→ Records from a dataset
•••
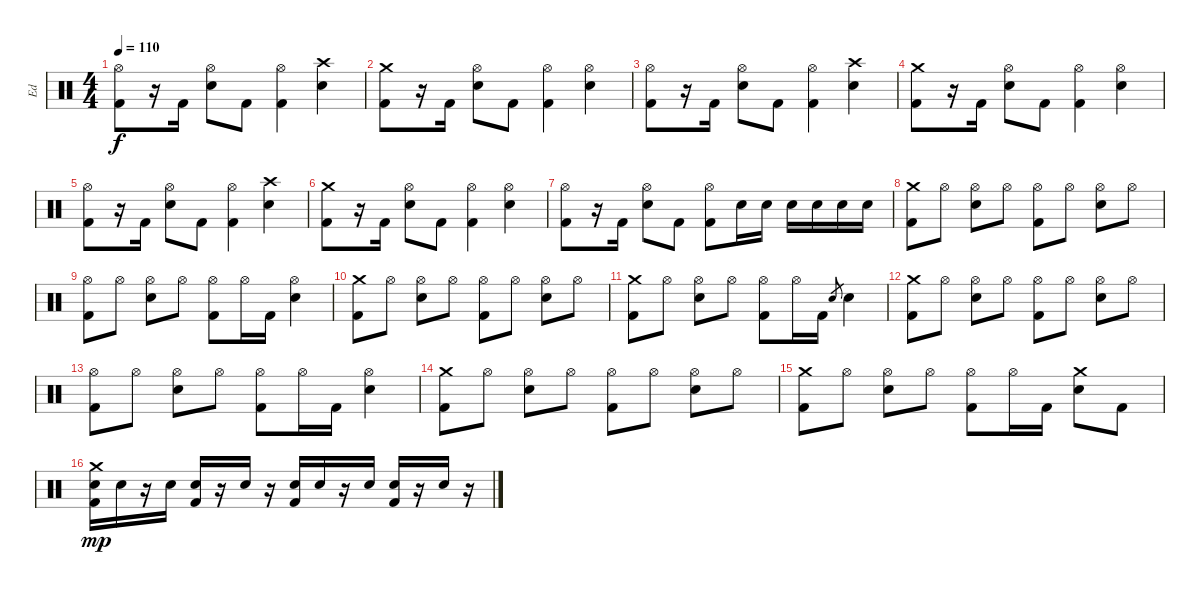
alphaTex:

\track ("Ed" "Ed") {instrument percussion}
\staff {score}
\articulation defaults
\ts (4 4)
\tempo 110
\clef neutral
\ks c
("Hi-Hat (open)" "Kick (hit) 2").8{dy f} r.16 "Kick (hit) 2".16 ("Hi-Hat (open)" "Electric Snare (hit)").8 "Kick (hit) 2".8 ("Hi-Hat (open)" "Kick (hit) 2").4 ("Crash high (hit)" "Electric Snare (hit)").4 |
("Crash medium (hit)" "Kick (hit) 2").8 r.16 "Kick (hit) 2".16 ("Hi-Hat (open)" "Electric Snare (hit)").8 "Kick (hit) 2".8 ("Hi-Hat (open)" "Kick (hit) 2").4 ("Hi-Hat (open)" "Electric Snare (hit)").4 |
("Hi-Hat (open)" "Kick (hit) 2").8 r.16 "Kick (hit) 2".16 ("Hi-Hat (open)" "Electric Snare (hit)").8 "Kick (hit) 2".8 ("Hi-Hat (open)" "Kick (hit) 2").4 ("Crash high (hit)" "Electric Snare (hit)").4 |
("Crash medium (hit)" "Kick (hit) 2").8 r.16 "Kick (hit) 2".16 ("Hi-Hat (open)" "Electric Snare (hit)").8 "Kick (hit) 2".8 ("Hi-Hat (open)" "Kick (hit) 2").4 ("Hi-Hat (open)" "Electric Snare (hit)").4 |
("Hi-Hat (open)" "Kick (hit) 2").8 r.16 "Kick (hit) 2".16 ("Hi-Hat (open)" "Electric Snare (hit)").8 "Kick (hit) 2".8 ("Hi-Hat (open)" "Kick (hit) 2").4 ("Crash high (hit)" "Electric Snare (hit)").4 |
("Crash medium (hit)" "Kick (hit) 2").8 r.16 "Kick (hit) 2".16 ("Hi-Hat (open)" "Electric Snare (hit)").8 "Kick (hit) 2".8 ("Hi-Hat (open)" "Kick (hit) 2").4 ("Hi-Hat (open)" "Electric Snare (hit)").4 |
("Hi-Hat (open)" "Kick (hit) 2").8 r.16 "Kick (hit) 2".16 ("Hi-Hat (open)" "Electric Snare (hit)").8 "Kick (hit) 2".8 ("Hi-Hat (open)" "Kick (hit) 2").8 "Electric Snare (hit)".16 "Electric Snare (hit)".16 "Electric Snare (hit)".16 "Electric Snare (hit)".16 "Electric Snare (hit)".16 "Electric Snare (hit)".16 |
("Crash medium (hit)" "Kick (hit) 2").8 "Hi-Hat (open)".8 ("Hi-Hat (open)" "Electric Snare (hit)").8 "Hi-Hat (open)".8 ("Hi-Hat (open)" "Kick (hit) 2").8 "Hi-Hat (open)".8 ("Hi-Hat (open)" "Electric Snare (hit)").8 "Hi-Hat (open)".8 |
("Hi-Hat (open)" "Kick (hit) 2").8 "Hi-Hat (open)".8 ("Hi-Hat (open)" "Electric Snare (hit)").8 "Hi-Hat (open)".8 ("Hi-Hat (open)" "Kick (hit) 2").8 "Hi-Hat (open)".16 "Kick (hit) 2".16 ("Hi-Hat (open)" "Electric Snare (hit)").4 |
("Crash medium (hit)" "Kick (hit) 2").8 "Hi-Hat (open)".8 ("Hi-Hat (open)" "Electric Snare (hit)").8 "Hi-Hat (open)".8 ("Hi-Hat (open)" "Kick (hit) 2").8 "Hi-Hat (open)".8 ("Hi-Hat (open)" "Electric Snare (hit)").8 "Hi-Hat (open)".8 |
("Crash medium (hit)" "Kick (hit) 2").8 "Hi-Hat (open)".8 ("Hi-Hat (open)" "Electric Snare (hit)").8 "Hi-Hat (open)".8 ("Hi-Hat (open)" "Kick (hit) 2").8 "Hi-Hat (open)".16 "Kick (hit) 2".16 "Electric Snare (hit)".8{gr} "Electric Snare (hit)".4 |
("Crash medium (hit)" "Kick (hit) 2").8 "Hi-Hat (open)".8 ("Hi-Hat (open)" "Electric Snare (hit)").8 "Hi-Hat (open)".8 ("Hi-Hat (open)" "Kick (hit) 2").8 "Hi-Hat (open)".8 ("Hi-Hat (open)" "Electric Snare (hit)").8 "Hi-Hat (open)".8 |
("Hi-Hat (open)" "Kick (hit) 2").8 "Hi-Hat (open)".8 ("Hi-Hat (open)" "Electric Snare (hit)").8 "Hi-Hat (open)".8 ("Hi-Hat (open)" "Kick (hit) 2").8 "Hi-Hat (open)".16 "Kick (hit) 2".16 ("Hi-Hat (open)" "Electric Snare (hit)").4 |
("Crash medium (hit)" "Kick (hit) 2").8 "Hi-Hat (open)".8 ("Hi-Hat (open)" "Electric Snare (hit)").8 "Hi-Hat (open)".8 ("Hi-Hat (open)" "Kick (hit) 2").8 "Hi-Hat (open)".8 ("Hi-Hat (open)" "Electric Snare (hit)").8 "Hi-Hat (open)".8 |
("Crash medium (hit)" "Kick (hit) 2").8 "Hi-Hat (open)".8 ("Hi-Hat (open)" "Electric Snare (hit)").8 "Hi-Hat (open)".8 ("Hi-Hat (open)" "Kick (hit) 2").8 "Hi-Hat (open)".16 "Kick (hit) 2".16 ("Crash medium (hit)" "Electric Snare (hit)").8 "Kick (hit) 2".8 |
("Crash medium (hit)" "Electric Snare (hit)" "Kick (hit) 2").16{dy mp} "Electric Snare (hit)".16 r.16 "Electric Snare (hit)".16 ("Electric Snare (hit)" "Kick (hit) 2").16 r.16 "Electric Snare (hit)".16 r.16 ("Electric Snare (hit)" "Kick (hit) 2").16 "Electric Snare (hit)".16 r.16 "Electric Snare (hit)".16 ("Electric Snare (hit)" "Kick (hit) 2").16 r.16 "Electric Snare (hit)".16 r.16
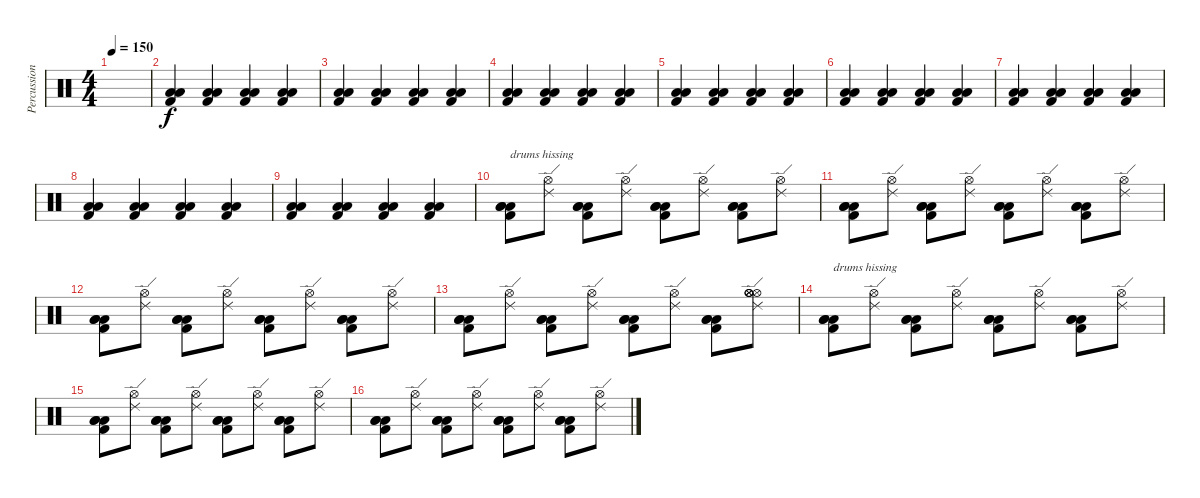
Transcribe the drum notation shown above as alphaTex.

\track ("Percussion" "Percussion") {instrument percussion}
\staff {score}
\articulation defaults
\ts (4 4)
\tempo 150
\clef neutral
\ks c
|
("Kick (hit) 2" "Low Tom (hit)" "Low Tom (hit)").4 ("Kick (hit) 2" "Low Tom (hit)" "Low Tom (hit)").4 ("Kick (hit) 2" "Low Tom (hit)" "Low Tom (hit)").4 ("Kick (hit) 2" "Low Tom (hit)" "Low Tom (hit)").4 |
("Kick (hit) 2" "Low Tom (hit)" "Low Tom (hit)").4 ("Kick (hit) 2" "Low Tom (hit)" "Low Tom (hit)").4 ("Kick (hit) 2" "Low Tom (hit)" "Low Tom (hit)").4 ("Kick (hit) 2" "Low Tom (hit)" "Low Tom (hit)").4 |
("Kick (hit) 2" "Low Tom (hit)" "Low Tom (hit)").4 ("Kick (hit) 2" "Low Tom (hit)" "Low Tom (hit)").4 ("Kick (hit) 2" "Low Tom (hit)" "Low Tom (hit)").4 ("Kick (hit) 2" "Low Tom (hit)" "Low Tom (hit)").4 |
("Kick (hit) 2" "Low Tom (hit)" "Low Tom (hit)").4 ("Kick (hit) 2" "Low Tom (hit)" "Low Tom (hit)").4 ("Kick (hit) 2" "Low Tom (hit)" "Low Tom (hit)").4 ("Kick (hit) 2" "Low Tom (hit)" "Low Tom (hit)").4 |
("Kick (hit) 2" "Low Tom (hit)" "Low Tom (hit)").4 ("Kick (hit) 2" "Low Tom (hit)" "Low Tom (hit)").4 ("Kick (hit) 2" "Low Tom (hit)" "Low Tom (hit)").4 ("Kick (hit) 2" "Low Tom (hit)" "Low Tom (hit)").4 |
("Kick (hit) 2" "Low Tom (hit)" "Low Tom (hit)").4 ("Kick (hit) 2" "Low Tom (hit)" "Low Tom (hit)").4 ("Kick (hit) 2" "Low Tom (hit)" "Low Tom (hit)").4 ("Kick (hit) 2" "Low Tom (hit)" "Low Tom (hit)").4 |
("Kick (hit) 2" "Low Tom (hit)" "Low Tom (hit)").4 ("Kick (hit) 2" "Low Tom (hit)" "Low Tom (hit)").4 ("Kick (hit) 2" "Low Tom (hit)" "Low Tom (hit)").4 ("Kick (hit) 2" "Low Tom (hit)" "Low Tom (hit)").4 |
("Kick (hit) 2" "Low Tom (hit)" "Low Tom (hit)").4 ("Kick (hit) 2" "Low Tom (hit)" "Low Tom (hit)").4 ("Kick (hit) 2" "Low Tom (hit)" "Low Tom (hit)").4 ("Kick (hit) 2" "Low Tom (hit)" "Low Tom (hit)").4 |
("Kick (hit) 2" "Low Tom (hit)" "Low Tom (hit)" "Low Tom (hit)").8{txt "drums hissing"} ("Ride (edge) 2" "Hi-Hat (open)").8 ("Kick (hit) 2" "Low Tom (hit)" "Low Tom (hit)" "Low Tom (hit)").8 ("Ride (edge) 2" "Hi-Hat (open)").8 ("Kick (hit) 2" "Low Tom (hit)" "Low Tom (hit)" "Low Tom (hit)").8 ("Ride (edge) 2" "Hi-Hat (open)").8 ("Kick (hit) 2" "Low Tom (hit)" "Low Tom (hit)" "Low Tom (hit)").8 ("Ride (edge) 2" "Hi-Hat (open)").8 |
("Kick (hit) 2" "Low Tom (hit)" "Low Tom (hit)" "Low Tom (hit)").8 ("Ride (edge) 2" "Hi-Hat (open)").8 ("Kick (hit) 2" "Low Tom (hit)" "Low Tom (hit)" "Low Tom (hit)").8 ("Ride (edge) 2" "Hi-Hat (open)").8 ("Kick (hit) 2" "Low Tom (hit)" "Low Tom (hit)" "Low Tom (hit)").8 ("Ride (edge) 2" "Hi-Hat (open)").8 ("Kick (hit) 2" "Low Tom (hit)" "Low Tom (hit)" "Low Tom (hit)").8 ("Ride (edge) 2" "Hi-Hat (open)").8 |
("Kick (hit) 2" "Low Tom (hit)" "Low Tom (hit)" "Low Tom (hit)").8 ("Ride (edge) 2" "Hi-Hat (open)").8 ("Kick (hit) 2" "Low Tom (hit)" "Low Tom (hit)" "Low Tom (hit)").8 ("Ride (edge) 2" "Hi-Hat (open)").8 ("Kick (hit) 2" "Low Tom (hit)" "Low Tom (hit)" "Low Tom (hit)").8 ("Ride (edge) 2" "Hi-Hat (open)").8 ("Kick (hit) 2" "Low Tom (hit)" "Low Tom (hit)" "Low Tom (hit)").8 ("Ride (edge) 2" "Hi-Hat (open)").8 |
("Kick (hit) 2" "Low Tom (hit)" "Low Tom (hit)" "Low Tom (hit)").8 ("Ride (edge) 2" "Hi-Hat (open)").8 ("Kick (hit) 2" "Low Tom (hit)" "Low Tom (hit)" "Low Tom (hit)").8 ("Ride (edge) 2" "Hi-Hat (open)").8 ("Kick (hit) 2" "Low Tom (hit)" "Low Tom (hit)" "Low Tom (hit)").8 ("Ride (edge) 2" "Hi-Hat (open)").8 ("Kick (hit) 2" "Low Tom (hit)" "Low Tom (hit)" "Low Tom (hit)").8 ("Hi-Hat (open)" "Hi-Hat (open)" "Hi-Hat (open)" "Ride (edge) 2" "Hi-Hat (open)").8 |
("Kick (hit) 2" "Low Tom (hit)" "Low Tom (hit)" "Low Tom (hit)").8{txt "drums hissing"} ("Ride (edge) 2" "Hi-Hat (open)").8 ("Kick (hit) 2" "Low Tom (hit)" "Low Tom (hit)" "Low Tom (hit)").8 ("Ride (edge) 2" "Hi-Hat (open)").8 ("Kick (hit) 2" "Low Tom (hit)" "Low Tom (hit)" "Low Tom (hit)").8 ("Ride (edge) 2" "Hi-Hat (open)").8 ("Kick (hit) 2" "Low Tom (hit)" "Low Tom (hit)" "Low Tom (hit)").8 ("Ride (edge) 2" "Hi-Hat (open)").8 |
("Kick (hit) 2" "Low Tom (hit)" "Low Tom (hit)" "Low Tom (hit)").8 ("Ride (edge) 2" "Hi-Hat (open)").8 ("Kick (hit) 2" "Low Tom (hit)" "Low Tom (hit)" "Low Tom (hit)").8 ("Ride (edge) 2" "Hi-Hat (open)").8 ("Kick (hit) 2" "Low Tom (hit)" "Low Tom (hit)" "Low Tom (hit)").8 ("Ride (edge) 2" "Hi-Hat (open)").8 ("Kick (hit) 2" "Low Tom (hit)" "Low Tom (hit)" "Low Tom (hit)").8 ("Ride (edge) 2" "Hi-Hat (open)").8 |
("Kick (hit) 2" "Low Tom (hit)" "Low Tom (hit)" "Low Tom (hit)").8 ("Ride (edge) 2" "Hi-Hat (open)").8 ("Kick (hit) 2" "Low Tom (hit)" "Low Tom (hit)" "Low Tom (hit)").8 ("Ride (edge) 2" "Hi-Hat (open)").8 ("Kick (hit) 2" "Low Tom (hit)" "Low Tom (hit)" "Low Tom (hit)").8 ("Ride (edge) 2" "Hi-Hat (open)").8 ("Kick (hit) 2" "Low Tom (hit)" "Low Tom (hit)" "Low Tom (hit)").8 ("Ride (edge) 2" "Hi-Hat (open)").8
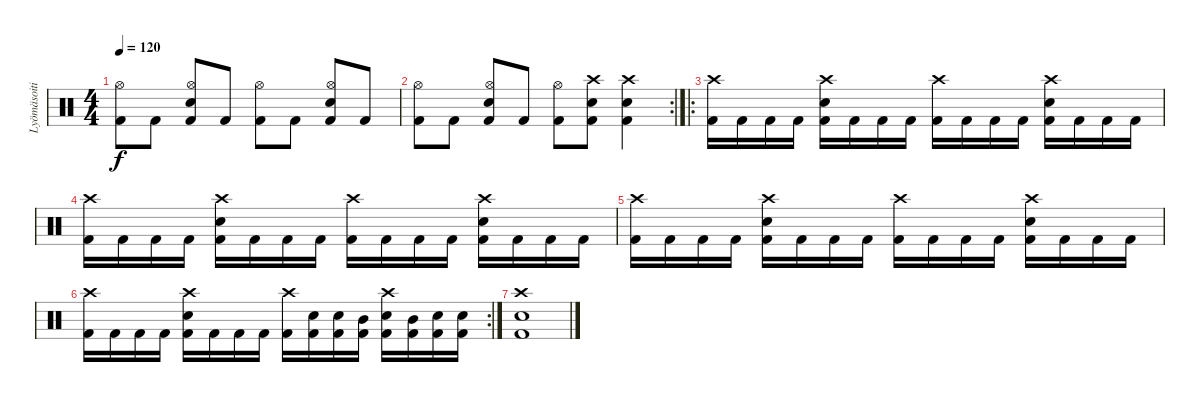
\track ("Lyömäsoitin" "Lyömäsoiti") {instrument percussion}
\staff {score}
\articulation defaults
\ts (4 4)
\tempo 120
\clef neutral
\ks c
("Kick (hit) 2" "Hi-Hat (open)").8{dy f} "Kick (hit) 2".8 ("Kick (hit) 2" "Hi-Hat (open)" "Electric Snare (hit)").8 "Kick (hit) 2".8 ("Kick (hit) 2" "Hi-Hat (open)").8 "Kick (hit) 2".8 ("Kick (hit) 2" "Hi-Hat (open)" "Electric Snare (hit)").8 "Kick (hit) 2".8 |
\rc 2
("Kick (hit) 2" "Hi-Hat (open)").8 "Kick (hit) 2".8 ("Kick (hit) 2" "Hi-Hat (open)" "Electric Snare (hit)").8 "Kick (hit) 2".8 ("Kick (hit) 2" "Hi-Hat (open)").8 ("Kick (hit) 2" "Crash high (hit)" "Electric Snare (hit)").8 ("Kick (hit) 2" "Crash high (hit)" "Electric Snare (hit)").4 |
\ro
("Kick (hit) 2" "Crash high (hit)").16 "Kick (hit) 2".16 "Kick (hit) 2".16 "Kick (hit) 2".16 ("Kick (hit) 2" "Crash high (hit)" "Electric Snare (hit)").16 "Kick (hit) 2".16 "Kick (hit) 2".16 "Kick (hit) 2".16 ("Kick (hit) 2" "Crash high (hit)").16 "Kick (hit) 2".16 "Kick (hit) 2".16 "Kick (hit) 2".16 ("Kick (hit) 2" "Crash high (hit)" "Electric Snare (hit)").16 "Kick (hit) 2".16 "Kick (hit) 2".16 "Kick (hit) 2".16 |
("Kick (hit) 2" "Crash high (hit)").16 "Kick (hit) 2".16 "Kick (hit) 2".16 "Kick (hit) 2".16 ("Kick (hit) 2" "Crash high (hit)" "Electric Snare (hit)").16 "Kick (hit) 2".16 "Kick (hit) 2".16 "Kick (hit) 2".16 ("Kick (hit) 2" "Crash high (hit)").16 "Kick (hit) 2".16 "Kick (hit) 2".16 "Kick (hit) 2".16 ("Kick (hit) 2" "Crash high (hit)" "Electric Snare (hit)").16 "Kick (hit) 2".16 "Kick (hit) 2".16 "Kick (hit) 2".16 |
("Kick (hit) 2" "Crash high (hit)").16 "Kick (hit) 2".16 "Kick (hit) 2".16 "Kick (hit) 2".16 ("Kick (hit) 2" "Crash high (hit)" "Electric Snare (hit)").16 "Kick (hit) 2".16 "Kick (hit) 2".16 "Kick (hit) 2".16 ("Kick (hit) 2" "Crash high (hit)").16 "Kick (hit) 2".16 "Kick (hit) 2".16 "Kick (hit) 2".16 ("Kick (hit) 2" "Crash high (hit)" "Electric Snare (hit)").16 "Kick (hit) 2".16 "Kick (hit) 2".16 "Kick (hit) 2".16 |
\rc 2
("Kick (hit) 2" "Crash high (hit)").16 "Kick (hit) 2".16 "Kick (hit) 2".16 "Kick (hit) 2".16 ("Kick (hit) 2" "Crash high (hit)" "Electric Snare (hit)").16 "Kick (hit) 2".16 "Kick (hit) 2".16 "Kick (hit) 2".16 ("Kick (hit) 2" "Crash high (hit)").16 ("Kick (hit) 2" "Electric Snare (hit)").16 ("Kick (hit) 2" "Electric Snare (hit)").16 ("Kick (hit) 2" "Mid Tom (hit)").16 ("Kick (hit) 2" "Crash high (hit)" "Electric Snare (hit)").16 ("Kick (hit) 2" "Mid Tom (hit)").16 ("Kick (hit) 2" "Electric Snare (hit)").16 ("Kick (hit) 2" "Electric Snare (hit)").16 |
("Kick (hit) 2" "Electric Snare (hit)" "Crash high (hit)").1
•••
Your reply should be one number: how many lines in the records contain "instrument".

3